EXERCISE DESCRIPTION
For each line of the material, check for the string "Answer"; then state how many lines had it, giving only the number.
(Beginning of DATA FOR REVIEW)
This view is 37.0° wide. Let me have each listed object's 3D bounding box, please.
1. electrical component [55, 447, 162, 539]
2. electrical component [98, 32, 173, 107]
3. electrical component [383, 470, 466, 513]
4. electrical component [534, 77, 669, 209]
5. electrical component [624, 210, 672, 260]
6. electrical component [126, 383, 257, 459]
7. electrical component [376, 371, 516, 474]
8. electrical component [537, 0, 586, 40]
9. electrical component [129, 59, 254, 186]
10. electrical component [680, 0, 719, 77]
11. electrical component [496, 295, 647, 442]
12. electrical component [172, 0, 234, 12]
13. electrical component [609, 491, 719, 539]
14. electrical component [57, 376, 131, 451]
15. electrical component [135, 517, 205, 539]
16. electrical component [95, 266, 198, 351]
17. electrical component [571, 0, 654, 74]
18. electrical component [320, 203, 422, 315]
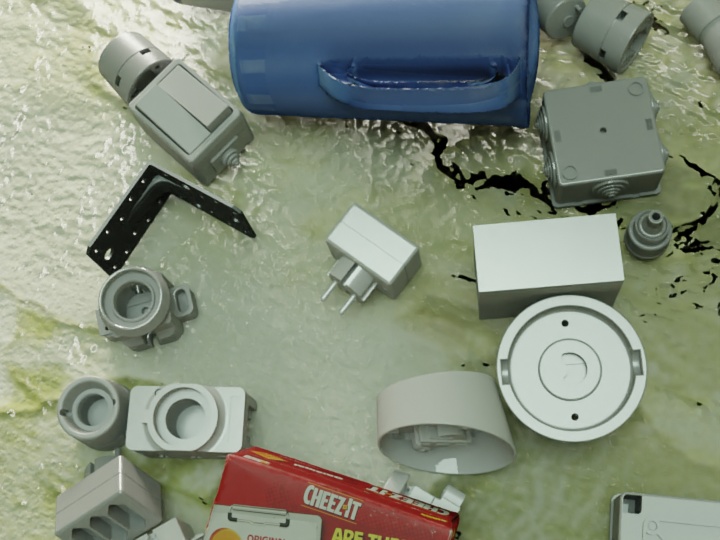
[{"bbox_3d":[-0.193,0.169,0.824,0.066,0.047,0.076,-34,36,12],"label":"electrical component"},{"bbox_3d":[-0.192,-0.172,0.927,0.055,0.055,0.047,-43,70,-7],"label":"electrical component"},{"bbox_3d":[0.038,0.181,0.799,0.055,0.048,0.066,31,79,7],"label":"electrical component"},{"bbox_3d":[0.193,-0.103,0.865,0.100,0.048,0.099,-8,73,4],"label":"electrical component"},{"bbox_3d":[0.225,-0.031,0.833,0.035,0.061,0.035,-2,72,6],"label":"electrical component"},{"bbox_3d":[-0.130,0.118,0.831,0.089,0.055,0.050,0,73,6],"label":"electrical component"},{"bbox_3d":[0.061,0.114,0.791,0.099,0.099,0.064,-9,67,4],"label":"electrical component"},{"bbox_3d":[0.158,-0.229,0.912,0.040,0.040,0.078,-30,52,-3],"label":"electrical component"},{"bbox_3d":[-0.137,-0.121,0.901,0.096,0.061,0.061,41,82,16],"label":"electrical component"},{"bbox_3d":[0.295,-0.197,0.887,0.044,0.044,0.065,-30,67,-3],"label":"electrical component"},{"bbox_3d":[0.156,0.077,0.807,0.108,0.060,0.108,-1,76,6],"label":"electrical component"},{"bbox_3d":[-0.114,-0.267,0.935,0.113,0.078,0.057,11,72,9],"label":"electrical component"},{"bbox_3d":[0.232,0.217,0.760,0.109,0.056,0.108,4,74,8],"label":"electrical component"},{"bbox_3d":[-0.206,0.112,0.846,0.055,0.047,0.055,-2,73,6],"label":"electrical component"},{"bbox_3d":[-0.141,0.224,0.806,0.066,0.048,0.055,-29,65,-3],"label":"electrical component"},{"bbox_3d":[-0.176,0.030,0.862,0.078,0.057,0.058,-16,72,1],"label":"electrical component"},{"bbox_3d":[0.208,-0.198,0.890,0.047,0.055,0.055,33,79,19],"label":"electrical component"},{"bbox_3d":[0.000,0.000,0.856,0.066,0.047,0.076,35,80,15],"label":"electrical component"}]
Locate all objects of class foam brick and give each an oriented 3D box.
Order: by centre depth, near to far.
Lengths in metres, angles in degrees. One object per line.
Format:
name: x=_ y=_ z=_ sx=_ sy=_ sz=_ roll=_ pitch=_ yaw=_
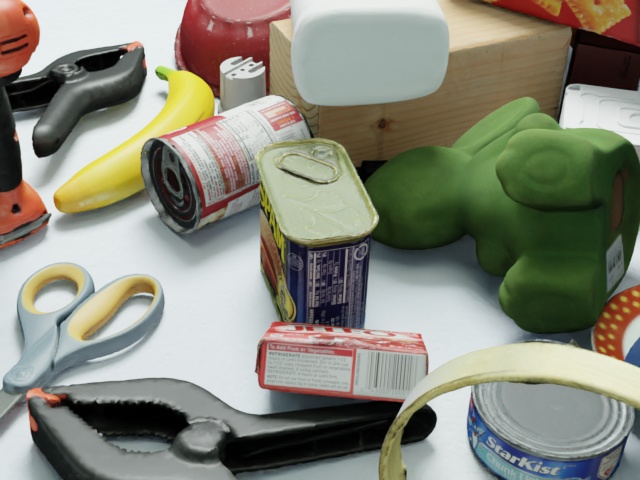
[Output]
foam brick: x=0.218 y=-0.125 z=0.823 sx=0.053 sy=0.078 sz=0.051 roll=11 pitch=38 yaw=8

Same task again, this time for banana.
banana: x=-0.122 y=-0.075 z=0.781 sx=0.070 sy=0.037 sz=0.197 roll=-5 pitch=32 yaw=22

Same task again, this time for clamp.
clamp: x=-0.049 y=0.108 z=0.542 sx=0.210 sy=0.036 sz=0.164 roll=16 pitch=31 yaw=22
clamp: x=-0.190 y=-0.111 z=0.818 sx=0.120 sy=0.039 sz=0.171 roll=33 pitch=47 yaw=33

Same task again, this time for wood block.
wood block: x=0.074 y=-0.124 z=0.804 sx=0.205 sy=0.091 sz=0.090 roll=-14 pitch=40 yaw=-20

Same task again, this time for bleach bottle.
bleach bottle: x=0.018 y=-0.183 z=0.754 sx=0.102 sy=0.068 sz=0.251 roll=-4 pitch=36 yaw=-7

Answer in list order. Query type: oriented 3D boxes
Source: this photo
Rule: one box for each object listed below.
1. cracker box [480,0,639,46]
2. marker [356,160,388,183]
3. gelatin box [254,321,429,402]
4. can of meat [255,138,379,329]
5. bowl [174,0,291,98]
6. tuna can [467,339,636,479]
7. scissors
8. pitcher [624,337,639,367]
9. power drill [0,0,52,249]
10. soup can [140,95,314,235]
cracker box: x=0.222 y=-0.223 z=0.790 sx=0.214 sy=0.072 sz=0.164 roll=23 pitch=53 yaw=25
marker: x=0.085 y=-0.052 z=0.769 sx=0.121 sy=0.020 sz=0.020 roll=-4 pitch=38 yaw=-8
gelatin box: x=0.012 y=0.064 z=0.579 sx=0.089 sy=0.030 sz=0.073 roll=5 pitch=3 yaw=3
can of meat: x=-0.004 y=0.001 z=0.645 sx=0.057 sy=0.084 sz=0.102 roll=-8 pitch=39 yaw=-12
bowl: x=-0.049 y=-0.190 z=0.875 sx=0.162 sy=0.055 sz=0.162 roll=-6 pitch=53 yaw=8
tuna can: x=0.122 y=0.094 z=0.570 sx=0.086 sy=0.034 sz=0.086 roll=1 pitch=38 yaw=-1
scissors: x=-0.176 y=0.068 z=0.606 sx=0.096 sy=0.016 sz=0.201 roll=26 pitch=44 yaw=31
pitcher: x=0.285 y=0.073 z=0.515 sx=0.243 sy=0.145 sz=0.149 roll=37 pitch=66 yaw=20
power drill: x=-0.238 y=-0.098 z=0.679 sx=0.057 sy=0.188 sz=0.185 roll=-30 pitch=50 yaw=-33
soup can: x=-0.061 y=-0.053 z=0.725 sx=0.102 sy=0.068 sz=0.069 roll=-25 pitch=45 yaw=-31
(End of DATA FOR REVIEW)
(Beginning of DATA FOR REVIEW)
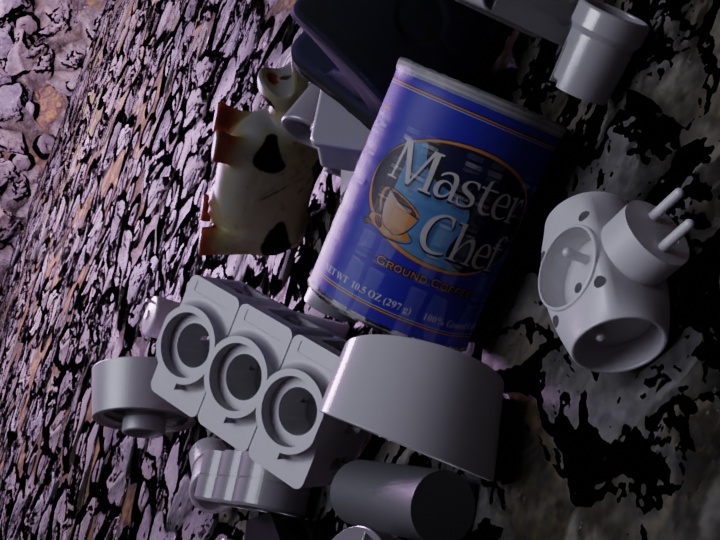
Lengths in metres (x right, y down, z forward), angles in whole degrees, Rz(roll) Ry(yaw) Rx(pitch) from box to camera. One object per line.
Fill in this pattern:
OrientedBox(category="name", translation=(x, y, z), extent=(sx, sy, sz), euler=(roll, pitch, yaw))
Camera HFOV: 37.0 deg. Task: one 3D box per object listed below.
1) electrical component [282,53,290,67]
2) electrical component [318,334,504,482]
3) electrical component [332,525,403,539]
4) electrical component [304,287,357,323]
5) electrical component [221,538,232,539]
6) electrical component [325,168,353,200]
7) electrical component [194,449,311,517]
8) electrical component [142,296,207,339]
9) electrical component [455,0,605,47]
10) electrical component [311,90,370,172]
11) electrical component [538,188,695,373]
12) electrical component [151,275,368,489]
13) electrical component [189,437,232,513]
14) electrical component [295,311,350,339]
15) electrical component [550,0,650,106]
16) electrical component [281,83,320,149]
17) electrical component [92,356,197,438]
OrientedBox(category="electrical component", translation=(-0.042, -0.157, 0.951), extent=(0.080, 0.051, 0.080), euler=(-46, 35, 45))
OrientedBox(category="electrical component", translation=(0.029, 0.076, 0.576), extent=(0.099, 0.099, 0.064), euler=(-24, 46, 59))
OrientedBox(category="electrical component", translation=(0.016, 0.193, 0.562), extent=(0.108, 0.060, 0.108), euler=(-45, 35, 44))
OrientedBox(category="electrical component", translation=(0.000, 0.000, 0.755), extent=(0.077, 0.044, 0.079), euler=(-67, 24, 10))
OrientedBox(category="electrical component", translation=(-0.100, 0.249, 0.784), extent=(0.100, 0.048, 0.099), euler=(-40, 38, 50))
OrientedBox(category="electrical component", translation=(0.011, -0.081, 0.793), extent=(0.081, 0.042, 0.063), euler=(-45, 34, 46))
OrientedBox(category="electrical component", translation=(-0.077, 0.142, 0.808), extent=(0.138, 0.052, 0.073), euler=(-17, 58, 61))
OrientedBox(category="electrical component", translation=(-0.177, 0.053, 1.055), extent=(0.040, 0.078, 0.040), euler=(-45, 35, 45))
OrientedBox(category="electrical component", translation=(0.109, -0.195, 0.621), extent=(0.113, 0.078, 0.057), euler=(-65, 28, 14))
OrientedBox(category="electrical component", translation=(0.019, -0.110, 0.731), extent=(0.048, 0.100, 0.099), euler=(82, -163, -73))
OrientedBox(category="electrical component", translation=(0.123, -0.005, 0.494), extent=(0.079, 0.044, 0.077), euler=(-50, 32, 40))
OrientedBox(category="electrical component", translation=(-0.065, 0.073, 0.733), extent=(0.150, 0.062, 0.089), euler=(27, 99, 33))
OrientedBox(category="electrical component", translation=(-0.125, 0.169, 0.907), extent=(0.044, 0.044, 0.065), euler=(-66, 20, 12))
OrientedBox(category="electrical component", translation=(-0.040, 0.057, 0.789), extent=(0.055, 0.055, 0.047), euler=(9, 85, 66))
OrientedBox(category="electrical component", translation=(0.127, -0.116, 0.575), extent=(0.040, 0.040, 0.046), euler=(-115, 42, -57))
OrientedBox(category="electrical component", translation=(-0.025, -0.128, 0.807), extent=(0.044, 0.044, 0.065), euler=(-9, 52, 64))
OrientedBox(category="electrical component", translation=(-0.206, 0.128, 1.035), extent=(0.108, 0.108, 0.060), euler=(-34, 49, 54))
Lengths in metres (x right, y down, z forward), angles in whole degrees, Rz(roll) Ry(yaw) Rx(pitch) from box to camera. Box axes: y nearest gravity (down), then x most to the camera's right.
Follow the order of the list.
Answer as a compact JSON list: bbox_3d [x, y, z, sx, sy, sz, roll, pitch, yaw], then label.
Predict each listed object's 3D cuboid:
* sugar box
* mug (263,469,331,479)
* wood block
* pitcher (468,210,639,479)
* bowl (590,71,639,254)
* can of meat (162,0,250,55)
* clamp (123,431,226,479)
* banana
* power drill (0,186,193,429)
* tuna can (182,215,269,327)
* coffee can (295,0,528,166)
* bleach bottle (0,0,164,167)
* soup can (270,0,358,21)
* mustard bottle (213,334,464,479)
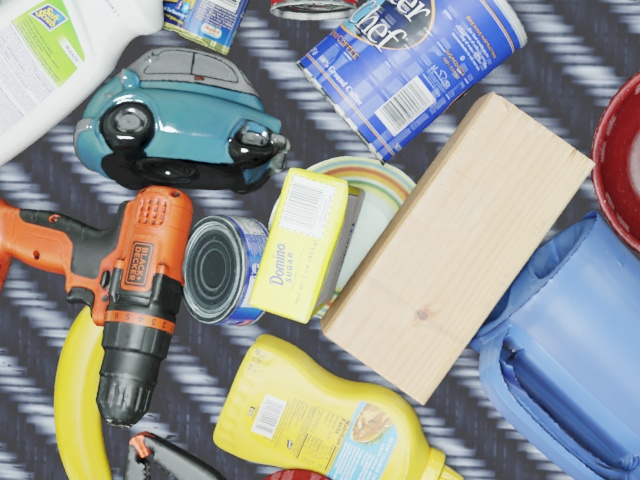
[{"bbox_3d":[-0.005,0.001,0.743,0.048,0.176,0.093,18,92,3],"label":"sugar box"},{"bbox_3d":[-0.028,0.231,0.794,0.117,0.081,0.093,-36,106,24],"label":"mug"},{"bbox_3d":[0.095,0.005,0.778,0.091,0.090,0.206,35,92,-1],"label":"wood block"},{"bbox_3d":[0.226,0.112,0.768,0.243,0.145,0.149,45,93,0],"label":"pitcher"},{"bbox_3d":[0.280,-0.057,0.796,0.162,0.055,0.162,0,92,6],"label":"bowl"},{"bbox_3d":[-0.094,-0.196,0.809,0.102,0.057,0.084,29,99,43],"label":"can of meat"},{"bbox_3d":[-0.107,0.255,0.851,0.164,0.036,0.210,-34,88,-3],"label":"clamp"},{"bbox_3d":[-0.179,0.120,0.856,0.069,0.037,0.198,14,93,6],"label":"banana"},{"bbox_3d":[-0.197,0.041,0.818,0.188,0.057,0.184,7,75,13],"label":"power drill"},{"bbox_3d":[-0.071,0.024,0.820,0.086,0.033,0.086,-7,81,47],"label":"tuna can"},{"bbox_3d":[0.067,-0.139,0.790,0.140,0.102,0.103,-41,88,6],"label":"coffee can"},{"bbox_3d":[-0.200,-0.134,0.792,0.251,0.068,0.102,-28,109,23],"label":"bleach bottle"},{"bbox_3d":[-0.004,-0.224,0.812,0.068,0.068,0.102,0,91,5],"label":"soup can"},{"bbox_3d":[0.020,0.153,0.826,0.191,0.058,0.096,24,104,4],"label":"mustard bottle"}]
(End of DATA FOR REVIEW)
YOUR SOLUTION
2